— ASSIGNMENT —
Restate the data below word for word. Leave the images out.

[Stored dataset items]

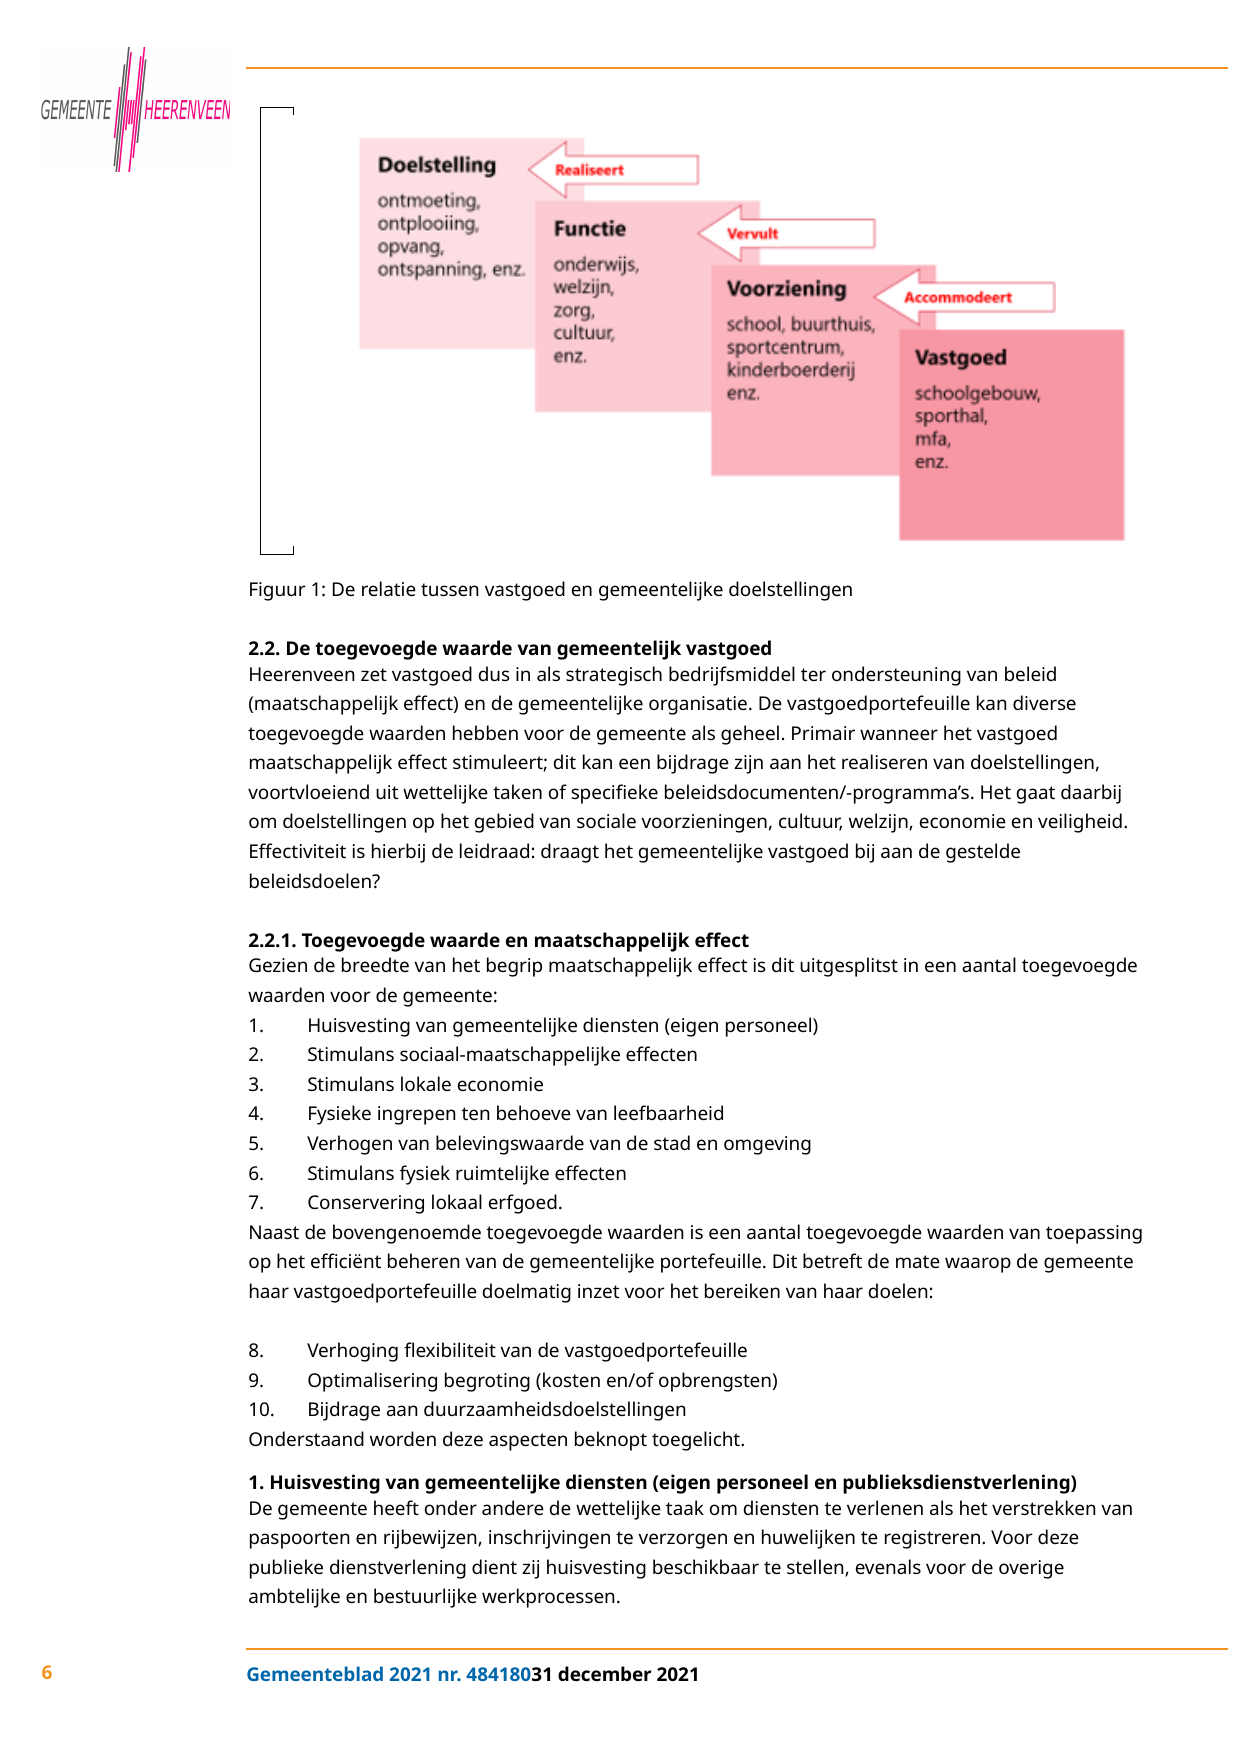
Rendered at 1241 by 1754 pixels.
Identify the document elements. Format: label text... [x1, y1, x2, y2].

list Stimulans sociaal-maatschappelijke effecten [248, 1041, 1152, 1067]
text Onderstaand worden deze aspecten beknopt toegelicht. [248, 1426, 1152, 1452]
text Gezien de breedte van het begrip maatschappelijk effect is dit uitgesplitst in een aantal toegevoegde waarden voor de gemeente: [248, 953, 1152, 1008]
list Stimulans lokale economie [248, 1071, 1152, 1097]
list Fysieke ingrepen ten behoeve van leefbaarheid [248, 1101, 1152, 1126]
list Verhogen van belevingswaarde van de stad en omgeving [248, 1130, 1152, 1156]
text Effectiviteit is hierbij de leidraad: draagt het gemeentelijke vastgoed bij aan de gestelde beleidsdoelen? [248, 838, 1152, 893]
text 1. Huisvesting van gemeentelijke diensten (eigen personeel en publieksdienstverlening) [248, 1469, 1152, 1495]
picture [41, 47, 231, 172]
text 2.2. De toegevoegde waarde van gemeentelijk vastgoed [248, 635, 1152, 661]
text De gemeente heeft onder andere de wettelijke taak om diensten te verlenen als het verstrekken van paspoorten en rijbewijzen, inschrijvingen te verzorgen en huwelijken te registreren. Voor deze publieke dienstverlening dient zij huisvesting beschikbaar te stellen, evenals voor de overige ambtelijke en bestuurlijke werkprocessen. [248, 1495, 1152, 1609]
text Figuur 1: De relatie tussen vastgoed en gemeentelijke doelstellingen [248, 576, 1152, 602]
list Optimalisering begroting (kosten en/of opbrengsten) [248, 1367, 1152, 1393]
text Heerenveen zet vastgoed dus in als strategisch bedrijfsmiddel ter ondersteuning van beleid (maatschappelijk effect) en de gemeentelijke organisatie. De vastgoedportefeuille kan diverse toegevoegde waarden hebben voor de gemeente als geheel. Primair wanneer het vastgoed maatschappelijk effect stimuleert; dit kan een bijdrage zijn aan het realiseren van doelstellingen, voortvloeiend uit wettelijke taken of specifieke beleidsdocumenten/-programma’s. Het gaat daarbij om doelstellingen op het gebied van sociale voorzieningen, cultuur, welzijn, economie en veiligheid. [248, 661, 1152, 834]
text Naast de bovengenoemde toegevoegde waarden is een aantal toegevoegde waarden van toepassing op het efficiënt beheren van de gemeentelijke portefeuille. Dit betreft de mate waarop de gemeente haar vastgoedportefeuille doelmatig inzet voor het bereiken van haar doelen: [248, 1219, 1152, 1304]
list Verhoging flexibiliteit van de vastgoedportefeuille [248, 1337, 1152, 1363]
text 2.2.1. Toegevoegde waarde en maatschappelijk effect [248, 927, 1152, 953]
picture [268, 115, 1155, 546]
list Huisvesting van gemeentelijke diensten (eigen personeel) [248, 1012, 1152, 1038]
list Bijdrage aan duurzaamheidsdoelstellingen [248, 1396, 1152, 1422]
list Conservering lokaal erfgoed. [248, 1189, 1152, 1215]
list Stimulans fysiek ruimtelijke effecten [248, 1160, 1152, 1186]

— REPLY TO THE EXERCISE —
Rendered at 1241 by 1754 pixels.
Identify the document elements. Format: label text... [x1, y1, x2, y2].

list Stimulans sociaal-maatschappelijke effecten [248, 1041, 1152, 1067]
text Onderstaand worden deze aspecten beknopt toegelicht. [248, 1426, 1152, 1452]
text Gezien de breedte van het begrip maatschappelijk effect is dit uitgesplitst in een aantal toegevoegde waarden voor de gemeente: [248, 953, 1152, 1008]
list Stimulans lokale economie [248, 1071, 1152, 1097]
list Fysieke ingrepen ten behoeve van leefbaarheid [248, 1101, 1152, 1126]
list Verhogen van belevingswaarde van de stad en omgeving [248, 1130, 1152, 1156]
text Effectiviteit is hierbij de leidraad: draagt het gemeentelijke vastgoed bij aan de gestelde beleidsdoelen? [248, 838, 1152, 893]
text 1. Huisvesting van gemeentelijke diensten (eigen personeel en publieksdienstverlening) [248, 1469, 1152, 1495]
picture [41, 47, 231, 172]
text 2.2. De toegevoegde waarde van gemeentelijk vastgoed [248, 635, 1152, 661]
text De gemeente heeft onder andere de wettelijke taak om diensten te verlenen als het verstrekken van paspoorten en rijbewijzen, inschrijvingen te verzorgen en huwelijken te registreren. Voor deze publieke dienstverlening dient zij huisvesting beschikbaar te stellen, evenals voor de overige ambtelijke en bestuurlijke werkprocessen. [248, 1495, 1152, 1609]
text Figuur 1: De relatie tussen vastgoed en gemeentelijke doelstellingen [248, 576, 1152, 602]
list Optimalisering begroting (kosten en/of opbrengsten) [248, 1367, 1152, 1393]
text Heerenveen zet vastgoed dus in als strategisch bedrijfsmiddel ter ondersteuning van beleid (maatschappelijk effect) en de gemeentelijke organisatie. De vastgoedportefeuille kan diverse toegevoegde waarden hebben voor de gemeente als geheel. Primair wanneer het vastgoed maatschappelijk effect stimuleert; dit kan een bijdrage zijn aan het realiseren van doelstellingen, voortvloeiend uit wettelijke taken of specifieke beleidsdocumenten/-programma’s. Het gaat daarbij om doelstellingen op het gebied van sociale voorzieningen, cultuur, welzijn, economie en veiligheid. [248, 661, 1152, 834]
text Naast de bovengenoemde toegevoegde waarden is een aantal toegevoegde waarden van toepassing op het efficiënt beheren van de gemeentelijke portefeuille. Dit betreft de mate waarop de gemeente haar vastgoedportefeuille doelmatig inzet voor het bereiken van haar doelen: [248, 1219, 1152, 1304]
list Verhoging flexibiliteit van de vastgoedportefeuille [248, 1337, 1152, 1363]
text 2.2.1. Toegevoegde waarde en maatschappelijk effect [248, 927, 1152, 953]
picture [268, 115, 1155, 546]
list Huisvesting van gemeentelijke diensten (eigen personeel) [248, 1012, 1152, 1038]
list Bijdrage aan duurzaamheidsdoelstellingen [248, 1396, 1152, 1422]
list Conservering lokaal erfgoed. [248, 1189, 1152, 1215]
list Stimulans fysiek ruimtelijke effecten [248, 1160, 1152, 1186]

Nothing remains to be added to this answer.